Talks between global powers and Iran
that broke up this weekend without a deal on Tehran's disputed nuclear drive were "definitely no failure", a senior Western diplomat familiar with the issue said Monday.
There was "no breakthrough yet but definitely no failure," said the diplomat on condition of anonymity, speaking after the negotiations between Iran and P5+1 powers – Britain, France,
the United States, Russia and China plus Germany.
"The collective assessment of the group was that some more time would still be needed; that was not just the assessment of the French," the source added, referring to reports in some quarters blaming France for holding up a deal.
Ashton, Zarif in Geneva (Photo: EPA) Geneva talks (Photo: AP)
The talks were "very intensive, very complex, very detailed and constructive," the diplomat added, saying that an agreement to return to the negotiating table as early as next week "shows how serious we are."

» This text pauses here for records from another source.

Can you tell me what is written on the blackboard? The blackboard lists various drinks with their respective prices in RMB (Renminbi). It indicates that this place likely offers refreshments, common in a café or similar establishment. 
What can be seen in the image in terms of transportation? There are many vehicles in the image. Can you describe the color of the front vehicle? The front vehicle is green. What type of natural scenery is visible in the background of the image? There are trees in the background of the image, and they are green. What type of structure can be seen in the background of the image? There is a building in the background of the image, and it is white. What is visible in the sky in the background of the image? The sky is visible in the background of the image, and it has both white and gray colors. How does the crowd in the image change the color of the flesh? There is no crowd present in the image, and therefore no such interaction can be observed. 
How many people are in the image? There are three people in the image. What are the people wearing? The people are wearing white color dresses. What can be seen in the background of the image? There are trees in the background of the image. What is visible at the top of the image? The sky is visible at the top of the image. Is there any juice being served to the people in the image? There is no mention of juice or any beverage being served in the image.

It was "crucial to keep momentum," the source said.
In the latest marathon round of the years-long talks, hopes of finally reaching a deal soared after foreign ministers from the P5+1 powers rushed to the Swiss city to join the meeting at the weekend.

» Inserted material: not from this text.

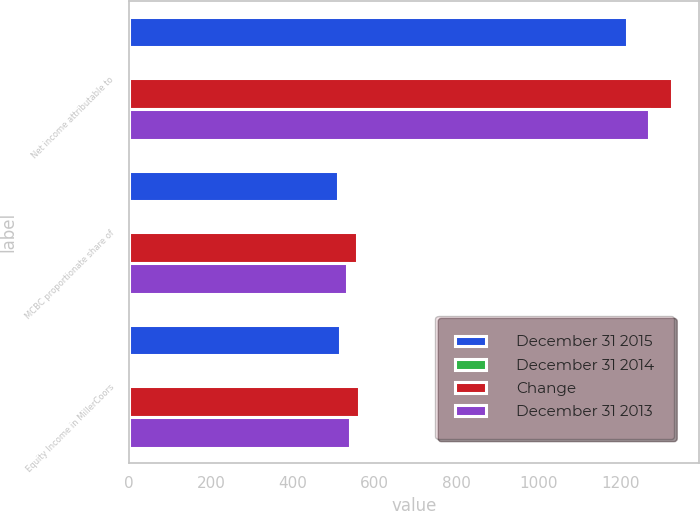<chart> <loc_0><loc_0><loc_500><loc_500><stacked_bar_chart><ecel><fcel>Net income attributable to<fcel>MCBC proportionate share of<fcel>Equity Income in MillerCoors<nl><fcel>December 31 2015<fcel>1217.8<fcel>511.5<fcel>516.3<nl><fcel>December 31 2014<fcel>8.2<fcel>8.2<fcel>8.1<nl><fcel>Change<fcel>1326.2<fcel>557<fcel>561.8<nl><fcel>December 31 2013<fcel>1270.5<fcel>533.6<fcel>539<nl></chart> 
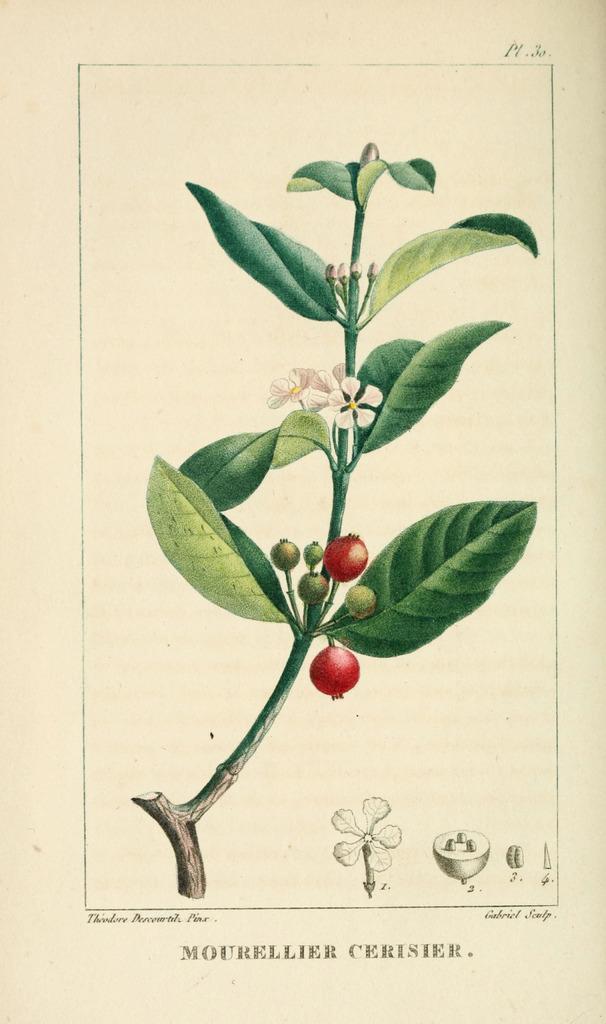Please provide a concise description of this image. In this picture we can see a poster, here we can see a plant with flowers, fruits and some text on it.

When it ended inconclusively some laid the blame on France, whose Foreign Minister Laurent Fabius raised concerns over a heavy water reactor being built at Arak, an issue which was introduced into the negotiations recently by global powers.
Meawhile, Britain's Foreign Secretary William Hague said world powers would lift some of the sanctions they have imposed on Iran if a preliminary deal over its nuclear program could be reached.
"An interim agreement would involve offering Iran limited, proportionate sanctions relief," Hague told the British parliament, reiterating that a "deal is on the table ... and can be reached".
Britain wanted an interim agreement with Iran as a first step towards a full deal on Tehran's disputed nuclear program, he added, in an update to lawmakers. Despite reports to the contrary, he said world powers had a united stance in talks with Iran at the weekend and that no one country had vetoed a deal.
Speaking Monday in Abu Dhabi, US Secretary of State John Kerry accused Iran of walking away from a deal at the Geneva talks.
"The P5+1 was unified on Saturday when we presented our proposal to the Iranians... But Iran couldn't take it, at that particular moment they weren't able to accept," said Kerry.
Against the backdrop of deep disagreement between Israel
and the United States regarding a possible nuclear deal with Iran, Defense Minister Moshe Ya'alon
warned Monday of complacency. "We believe that (Iranian President Hassan) Rohani and his foreign minister know how to deceive and manipulate – and have been so far successful," said Ya'alon at the Jewish Federations of North American General Assembly, which is held in Jerusalem.